Docker (a lightweight 26MiB image):
docker build -t llm-proxy .
docker run -d --restart unless-stopped -p 3030:3030 llm-proxy
Directly using Go:
go run .
See the examples folder for more details and usage examples.
import os
from openai import OpenAI
client = OpenAI(base_url="http://127.0.0.1:3030/v1") # only change needed
completion = client.chat.completions.create(
messages=[
{
"role": "user",
"content": "Say this is a test",
}
],
model="gpt-4o-mini",
)
print(completion.choices[0].message.content)

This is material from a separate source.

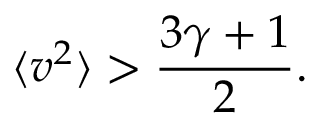Convert formula to latex. <formula><loc_0><loc_0><loc_500><loc_500>\langle v ^ { 2 } \rangle > \frac { 3 \gamma + 1 } { 2 } .</formula> 
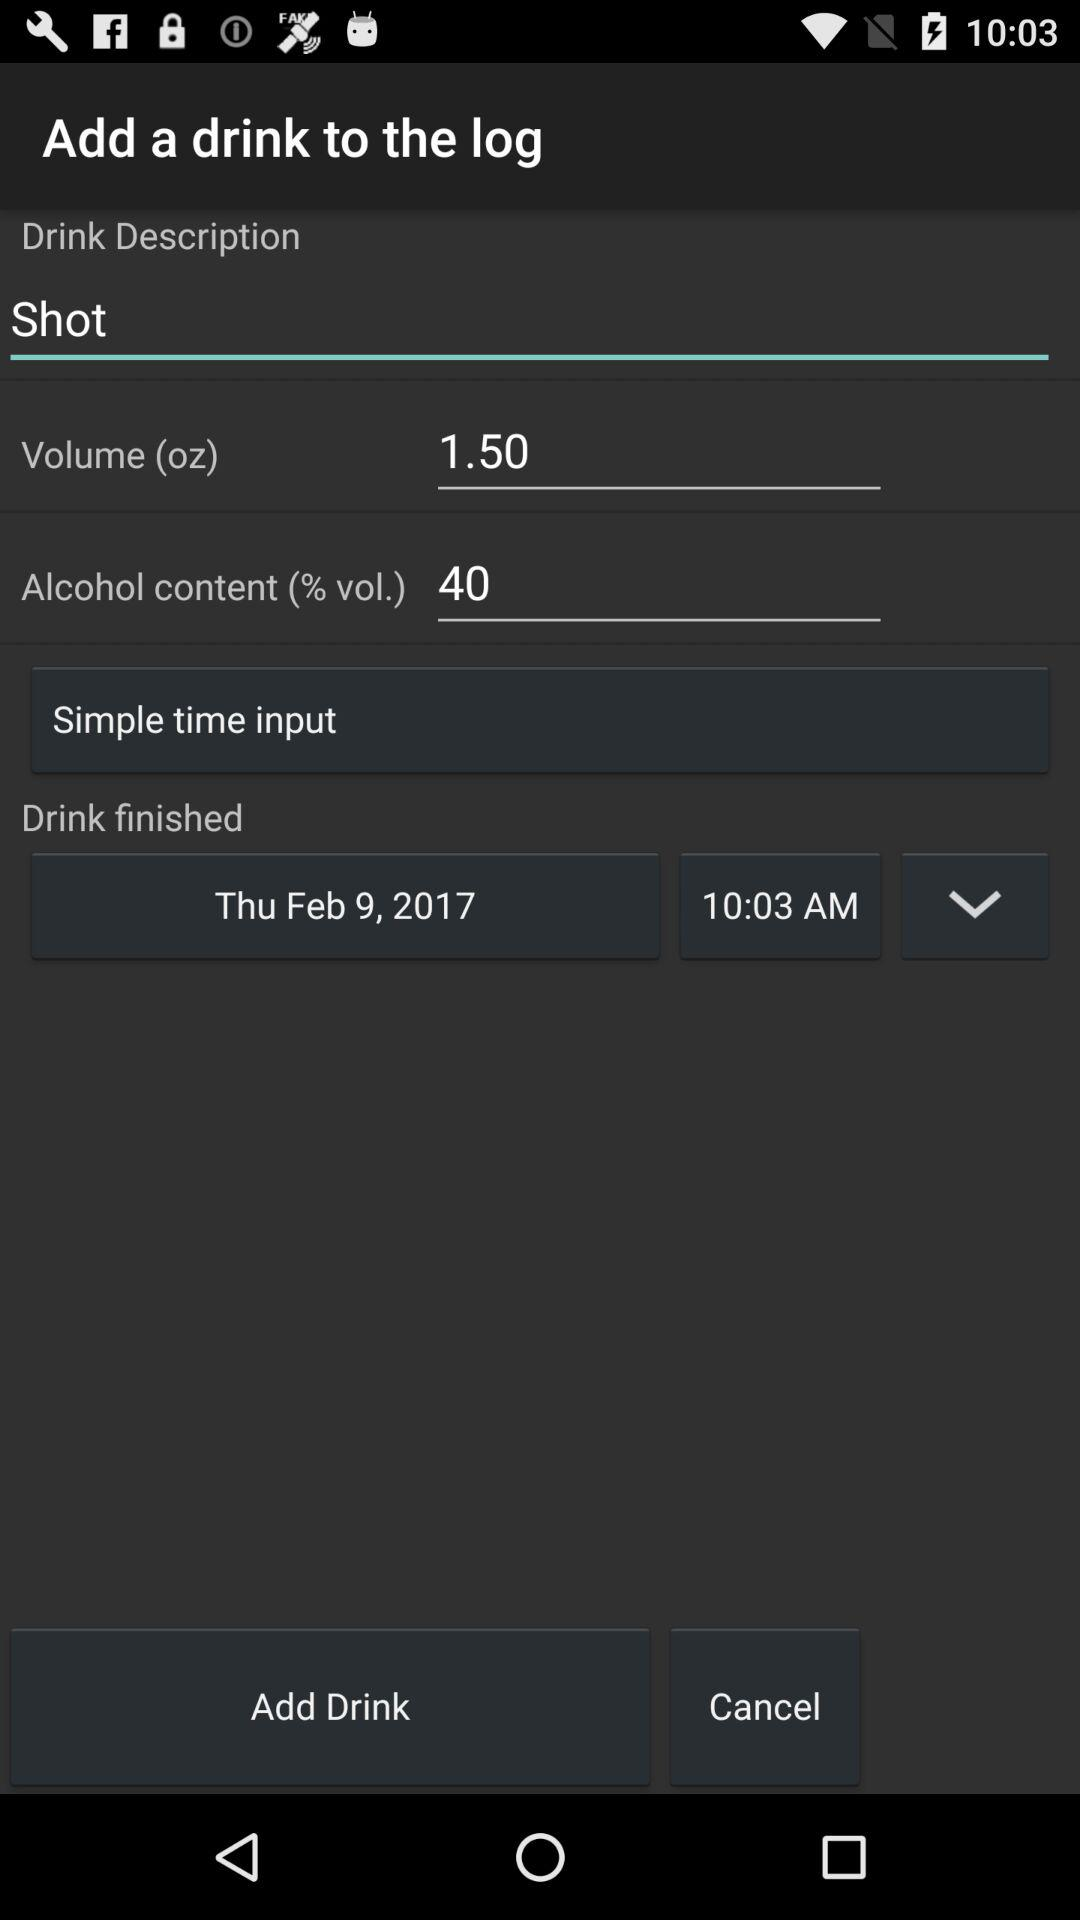What is the mentioned date? The mentioned date is Thursday, February 9, 2017.

import OpenAI from "openai";
const openai = new OpenAI({
baseURL: 'http://127.0.0.1:3030/v1' // only change needed
});
async function main() {
const completion = await openai.chat.completions.create({
model: 'gpt-4o-mini',
messages: [{ role: 'user', content: 'Say this is a test' }],
});
console.log(completion.choices[0]?.message?.content);
}
main();
curl http://127.0.0.1:3030/v1/chat/completions \
-H "Content-Type: application/json" \
-H "Authorization: Bearer $OPENAI_API_KEY" \
-d '{
"model": "gpt-4o-mini",
"messages": [{"role": "user", "content": "Say this is a test!"}],
"temperature": 0.7
}'
package main
import (
"context"
"fmt"
openai "github.com/sashabaranov/go-openai"
"os"
)
func main() {
config := openai.DefaultConfig(os.Getenv("OPENAI_API_KEY"))
config.BaseURL = "http://127.0.0.1:3030/v1" // only change needed
client := openai.NewClientWithConfig(config)
resp, err := client.CreateChatCompletion(
context.Background(),
openai.ChatCompletionRequest{
Model: openai.GPT4oMini,
Messages: []openai.ChatCompletionMessage{
{
Role: openai.ChatMessageRoleUser,
Content: "Hello!",
},
},
},
)
if err != nil {
fmt.Printf("ChatCompletion error: %v\n", err)
return
}
fmt.Println(resp.Choices[0].Message.Content)
}
Both APIs that support batch (/v1/chat/completions
and /v1/embeddings
) are supported.
Any other endpoint will be relayed to OpenAI as-is.
Simple real-time statistics are accessible through the http://127.0.0.1:3030/stats
endpoint. This provides insights into request counts, batch efficiency, and latency metrics.
Monitor the /stats
endpoint to ensure the proxy is performing as expected in your environment.
Sample output:
{
"requests": {
"total": 2998,
"successful": 2997,
"failed": 0,
"synthesized_error_responses": 999,
"avg_time_ms": 153959.67467467466,
"p50_time_ms": 203733,
"p95_time_ms": 250896,
"p99_time_ms": 251073
},
"batches": {
"total": 3,
"successful": 3,
"failed": 0,
"avg_time_ms": 152846.33333333334,
"p50_time_ms": 104655.5,
"p95_time_ms": 226016,
"p99_time_ms": 226016
}
}
- Not suitable for applications requiring real-time responses (e.g. chatbot)
- Streaming APIs are not supported, as they don't support batch mode.
OpenAI's commitment for this API is 24-hour turnaround time. In practice, I've observed good latencies during nights and weekends (a few seconds). However, latency can increase significantly during weekdays, sometimes reaching up to an hour.
- Configurable grace period. If a batch doesn't complete within the allotted time, the batch will be canceled, partial results will be returned, and the remaining requests will be sent via the synchronous API.
- Add support also for Gemini, as it also supports batch.
- Enable usage tracking (counting tokens, estimating cost).